Copy all lines in the data that contain the string "bounding".

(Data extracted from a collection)
Start of Block
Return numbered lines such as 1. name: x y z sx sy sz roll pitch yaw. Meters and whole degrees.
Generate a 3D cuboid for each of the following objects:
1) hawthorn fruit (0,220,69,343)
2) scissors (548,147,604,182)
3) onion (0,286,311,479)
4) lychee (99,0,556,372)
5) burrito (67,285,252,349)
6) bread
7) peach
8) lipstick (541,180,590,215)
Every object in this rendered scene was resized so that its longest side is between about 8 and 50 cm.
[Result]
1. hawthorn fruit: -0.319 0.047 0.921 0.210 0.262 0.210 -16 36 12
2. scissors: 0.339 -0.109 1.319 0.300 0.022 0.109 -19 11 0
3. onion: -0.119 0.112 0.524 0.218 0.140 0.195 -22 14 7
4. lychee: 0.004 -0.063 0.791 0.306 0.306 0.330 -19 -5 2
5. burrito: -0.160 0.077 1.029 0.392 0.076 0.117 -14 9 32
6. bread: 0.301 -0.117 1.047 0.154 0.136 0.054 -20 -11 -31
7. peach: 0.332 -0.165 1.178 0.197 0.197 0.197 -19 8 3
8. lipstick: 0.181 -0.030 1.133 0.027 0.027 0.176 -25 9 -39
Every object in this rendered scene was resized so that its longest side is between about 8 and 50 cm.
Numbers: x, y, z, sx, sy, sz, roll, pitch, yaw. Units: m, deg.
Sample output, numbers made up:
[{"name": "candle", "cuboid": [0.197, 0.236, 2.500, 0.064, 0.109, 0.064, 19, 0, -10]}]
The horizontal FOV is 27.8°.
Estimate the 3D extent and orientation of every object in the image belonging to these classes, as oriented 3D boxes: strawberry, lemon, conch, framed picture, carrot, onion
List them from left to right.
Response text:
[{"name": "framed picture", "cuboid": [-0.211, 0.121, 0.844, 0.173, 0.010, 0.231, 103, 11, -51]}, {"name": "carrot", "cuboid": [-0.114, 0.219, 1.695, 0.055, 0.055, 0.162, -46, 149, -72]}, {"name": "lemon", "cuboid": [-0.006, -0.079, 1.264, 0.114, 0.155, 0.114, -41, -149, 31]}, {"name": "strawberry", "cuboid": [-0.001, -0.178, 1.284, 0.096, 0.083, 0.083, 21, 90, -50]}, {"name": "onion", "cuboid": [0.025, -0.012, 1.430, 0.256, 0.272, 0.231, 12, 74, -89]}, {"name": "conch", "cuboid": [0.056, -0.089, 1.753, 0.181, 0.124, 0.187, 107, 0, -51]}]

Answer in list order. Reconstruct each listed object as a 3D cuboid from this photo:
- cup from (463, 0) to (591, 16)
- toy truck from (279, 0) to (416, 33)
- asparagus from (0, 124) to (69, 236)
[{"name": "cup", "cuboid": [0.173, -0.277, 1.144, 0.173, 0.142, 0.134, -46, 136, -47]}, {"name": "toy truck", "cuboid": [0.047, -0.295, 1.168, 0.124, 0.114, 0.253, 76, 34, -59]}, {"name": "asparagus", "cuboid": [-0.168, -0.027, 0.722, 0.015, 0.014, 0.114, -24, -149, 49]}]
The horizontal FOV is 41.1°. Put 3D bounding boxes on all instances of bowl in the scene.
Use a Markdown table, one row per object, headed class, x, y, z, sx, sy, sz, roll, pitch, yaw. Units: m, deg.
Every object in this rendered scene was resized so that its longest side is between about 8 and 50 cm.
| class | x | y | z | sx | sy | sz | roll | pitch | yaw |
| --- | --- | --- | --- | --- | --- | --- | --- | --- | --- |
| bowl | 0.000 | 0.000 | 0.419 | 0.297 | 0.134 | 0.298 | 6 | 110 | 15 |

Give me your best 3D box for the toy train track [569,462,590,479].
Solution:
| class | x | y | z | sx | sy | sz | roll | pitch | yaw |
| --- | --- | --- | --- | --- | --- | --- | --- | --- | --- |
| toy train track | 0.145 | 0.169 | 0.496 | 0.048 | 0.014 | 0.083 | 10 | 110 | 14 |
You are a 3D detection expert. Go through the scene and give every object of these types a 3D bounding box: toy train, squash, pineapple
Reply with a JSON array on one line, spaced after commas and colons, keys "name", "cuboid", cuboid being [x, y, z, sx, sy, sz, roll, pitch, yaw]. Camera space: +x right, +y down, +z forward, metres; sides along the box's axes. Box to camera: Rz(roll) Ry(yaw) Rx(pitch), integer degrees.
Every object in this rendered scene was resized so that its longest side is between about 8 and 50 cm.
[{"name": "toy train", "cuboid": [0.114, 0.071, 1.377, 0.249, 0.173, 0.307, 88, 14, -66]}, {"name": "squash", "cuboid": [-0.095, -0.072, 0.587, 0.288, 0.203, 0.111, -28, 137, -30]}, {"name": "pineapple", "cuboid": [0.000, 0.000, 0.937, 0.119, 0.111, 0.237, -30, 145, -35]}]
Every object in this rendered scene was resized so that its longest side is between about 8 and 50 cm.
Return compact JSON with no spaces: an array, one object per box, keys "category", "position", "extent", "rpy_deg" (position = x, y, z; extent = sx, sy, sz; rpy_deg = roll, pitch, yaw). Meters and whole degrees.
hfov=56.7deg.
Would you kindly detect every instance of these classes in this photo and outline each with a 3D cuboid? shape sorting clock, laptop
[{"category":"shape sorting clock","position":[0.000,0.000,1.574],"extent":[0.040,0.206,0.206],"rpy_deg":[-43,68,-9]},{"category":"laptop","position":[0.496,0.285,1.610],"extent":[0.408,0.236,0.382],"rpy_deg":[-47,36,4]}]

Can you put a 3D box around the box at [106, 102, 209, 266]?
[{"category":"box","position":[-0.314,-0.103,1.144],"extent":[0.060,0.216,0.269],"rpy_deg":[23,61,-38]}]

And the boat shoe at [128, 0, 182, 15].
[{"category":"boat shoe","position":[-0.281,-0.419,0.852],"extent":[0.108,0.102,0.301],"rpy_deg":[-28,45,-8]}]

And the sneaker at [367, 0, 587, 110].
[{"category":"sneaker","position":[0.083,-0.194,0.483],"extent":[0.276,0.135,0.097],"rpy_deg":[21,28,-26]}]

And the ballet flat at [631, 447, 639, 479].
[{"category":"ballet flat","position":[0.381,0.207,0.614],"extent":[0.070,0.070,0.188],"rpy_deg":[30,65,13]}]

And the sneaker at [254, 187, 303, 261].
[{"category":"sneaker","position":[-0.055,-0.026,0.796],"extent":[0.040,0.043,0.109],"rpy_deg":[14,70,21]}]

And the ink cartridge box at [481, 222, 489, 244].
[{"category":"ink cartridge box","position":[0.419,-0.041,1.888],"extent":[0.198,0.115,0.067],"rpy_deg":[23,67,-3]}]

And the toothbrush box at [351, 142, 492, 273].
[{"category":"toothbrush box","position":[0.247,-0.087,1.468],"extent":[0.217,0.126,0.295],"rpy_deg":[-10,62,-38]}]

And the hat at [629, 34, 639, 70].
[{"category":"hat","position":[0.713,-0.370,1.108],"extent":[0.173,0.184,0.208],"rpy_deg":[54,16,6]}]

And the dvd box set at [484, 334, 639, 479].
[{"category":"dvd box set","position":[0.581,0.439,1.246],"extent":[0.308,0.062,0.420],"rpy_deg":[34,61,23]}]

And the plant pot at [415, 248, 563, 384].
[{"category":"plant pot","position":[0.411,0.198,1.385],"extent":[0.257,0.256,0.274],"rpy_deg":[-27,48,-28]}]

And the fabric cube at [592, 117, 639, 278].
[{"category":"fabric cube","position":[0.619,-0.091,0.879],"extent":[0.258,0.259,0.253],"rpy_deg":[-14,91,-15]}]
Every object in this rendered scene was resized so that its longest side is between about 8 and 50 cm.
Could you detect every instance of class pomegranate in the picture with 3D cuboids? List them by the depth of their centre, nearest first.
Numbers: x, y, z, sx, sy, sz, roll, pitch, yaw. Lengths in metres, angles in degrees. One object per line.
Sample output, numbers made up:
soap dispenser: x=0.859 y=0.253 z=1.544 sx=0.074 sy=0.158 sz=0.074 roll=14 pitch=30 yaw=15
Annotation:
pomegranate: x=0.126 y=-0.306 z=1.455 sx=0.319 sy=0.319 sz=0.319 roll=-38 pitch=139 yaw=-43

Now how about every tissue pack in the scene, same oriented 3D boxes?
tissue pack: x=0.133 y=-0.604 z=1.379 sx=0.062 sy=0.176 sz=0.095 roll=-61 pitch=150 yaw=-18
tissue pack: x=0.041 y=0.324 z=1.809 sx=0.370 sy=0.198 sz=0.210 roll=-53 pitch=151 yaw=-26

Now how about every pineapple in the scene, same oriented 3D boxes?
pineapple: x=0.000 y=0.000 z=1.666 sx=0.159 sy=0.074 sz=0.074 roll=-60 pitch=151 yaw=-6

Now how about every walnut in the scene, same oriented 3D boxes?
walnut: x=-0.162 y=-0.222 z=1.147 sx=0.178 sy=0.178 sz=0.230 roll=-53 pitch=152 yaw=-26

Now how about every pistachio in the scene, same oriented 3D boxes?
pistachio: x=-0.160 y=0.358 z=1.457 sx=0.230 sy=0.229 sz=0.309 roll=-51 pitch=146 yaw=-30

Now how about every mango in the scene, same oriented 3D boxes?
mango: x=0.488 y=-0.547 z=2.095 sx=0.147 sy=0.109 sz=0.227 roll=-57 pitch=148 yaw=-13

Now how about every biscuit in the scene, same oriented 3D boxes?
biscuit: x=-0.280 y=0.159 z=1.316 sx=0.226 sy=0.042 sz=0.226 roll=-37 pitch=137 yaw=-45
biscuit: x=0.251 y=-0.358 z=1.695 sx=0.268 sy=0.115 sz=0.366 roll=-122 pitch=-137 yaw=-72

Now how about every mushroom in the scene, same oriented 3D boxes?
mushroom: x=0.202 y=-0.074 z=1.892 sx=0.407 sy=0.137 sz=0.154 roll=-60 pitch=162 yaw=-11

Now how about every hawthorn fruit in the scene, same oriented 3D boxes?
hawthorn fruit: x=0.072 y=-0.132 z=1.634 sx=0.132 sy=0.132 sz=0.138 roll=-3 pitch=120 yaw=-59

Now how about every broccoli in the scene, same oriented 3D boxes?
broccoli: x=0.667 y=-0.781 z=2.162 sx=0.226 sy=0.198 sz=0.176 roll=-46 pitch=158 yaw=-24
End of Block
ANSWER BELOW:
The horizontal FOV is 41.1°. Put 3D bounding boxes on all instances of bowl in the scene.
You are a 3D detection expert. Go through the scene and give every object of these types a 3D bounding box: toy train, squash, pineapple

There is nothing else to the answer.